Both the micro and macro uncertainties are significant. How would you sensibly model and predict corporate fundamentals such as earnings, brand longevity, indebtedness and defaults?
Equally, it is hard to estimate the economic environment in which companies will operate.
How involved will central banks be in markets; how do we resolve the debt burdens; will tax rates rise or austerity be imposed or both; will inflation go up or down; will consumers return to old spending patterns; will interest rates stay low or rise; will employment fall and will economic growth be low or even negative?
Modelling all of this would throw out too many equally plausible but incompatible scenarios, we think.
In this article, we will focus on the largest pool of risk assets of all: US equities. We will assume that we have very low odds of predicting these events, but that history offers some interesting pointers.
We ask the question: what is a sensible, even optimistic, long-term PE ratio for the US equity market?
And, given the US market now has a PE rivalling the 1999 tech bubble, we assume the current PE is hard to maintain or justify. As a reminder, if a company has earnings of two and a market cap of 10, its PE is five.
And if that PE drops to eight, it suffers a 20 per cent fall in value, unless earnings increase to compensate.

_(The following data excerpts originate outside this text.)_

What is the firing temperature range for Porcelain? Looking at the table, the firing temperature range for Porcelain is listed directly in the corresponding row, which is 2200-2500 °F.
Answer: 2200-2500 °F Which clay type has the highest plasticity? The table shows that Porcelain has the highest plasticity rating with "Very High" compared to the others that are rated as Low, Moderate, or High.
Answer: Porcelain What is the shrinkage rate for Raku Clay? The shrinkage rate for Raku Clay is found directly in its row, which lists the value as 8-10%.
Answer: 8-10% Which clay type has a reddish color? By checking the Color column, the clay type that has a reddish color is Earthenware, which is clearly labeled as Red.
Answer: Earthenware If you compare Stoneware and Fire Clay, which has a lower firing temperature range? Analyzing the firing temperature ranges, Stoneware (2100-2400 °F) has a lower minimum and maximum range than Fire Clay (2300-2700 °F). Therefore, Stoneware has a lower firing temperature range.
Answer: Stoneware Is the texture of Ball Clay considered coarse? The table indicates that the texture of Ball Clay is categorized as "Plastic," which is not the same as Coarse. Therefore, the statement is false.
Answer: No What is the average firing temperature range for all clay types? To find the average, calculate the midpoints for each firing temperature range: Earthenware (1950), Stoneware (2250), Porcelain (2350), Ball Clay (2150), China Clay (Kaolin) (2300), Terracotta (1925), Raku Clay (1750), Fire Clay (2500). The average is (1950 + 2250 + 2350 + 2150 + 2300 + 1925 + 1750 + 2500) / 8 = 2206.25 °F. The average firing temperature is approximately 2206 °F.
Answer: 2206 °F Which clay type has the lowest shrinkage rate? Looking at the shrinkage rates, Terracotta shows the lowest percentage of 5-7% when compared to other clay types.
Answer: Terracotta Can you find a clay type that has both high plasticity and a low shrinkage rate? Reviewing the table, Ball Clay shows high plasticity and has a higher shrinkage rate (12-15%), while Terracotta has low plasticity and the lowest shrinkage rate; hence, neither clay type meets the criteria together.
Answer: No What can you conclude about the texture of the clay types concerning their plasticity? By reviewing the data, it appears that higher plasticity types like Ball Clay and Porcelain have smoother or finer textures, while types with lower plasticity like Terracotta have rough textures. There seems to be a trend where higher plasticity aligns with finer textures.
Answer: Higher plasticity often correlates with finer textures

So, if the US PE reverts to a lower level, even if higher than historic average levels, what would corporate earnings need to do to maintain the current market value of the US equity index? In the table we show the results.
Potential future PE
Five-year earnings needed p.a.
Source: Fundhouse and Refinitiv, September 30 2020
Within the table, you can see that the long-term average PE ratio of the US is 18. It may interest you that the average ratio for the UK, Europe and emerging markets is 14 in all three instances.
Since December 2007 (pre-global financial crisis), UK equities have not grown earnings in real terms, yet the US has grown earnings at around 2 per cent to 3 per cent real (a year). The average US PE is around 30 per cent above most other regions, to reflect their better earnings power.
If we assume the US reverts to its historic PE average (18), earnings will need to grow at 11 per cent a year for five years for the market to have a zero return.
If we are more optimistic about the US market and suggest it deserves a long-term PE of 24 (33 per cent higher than its average and 70 per cent higher than most other developed markets), then it needs to grow earnings at 5 per cent a year in nominal terms over the next five years to stand still.
That 5 per cent is reasonable and aligned with the 10-year number, but remember that is the earnings growth needed to deliver a zero return at a 24 PE.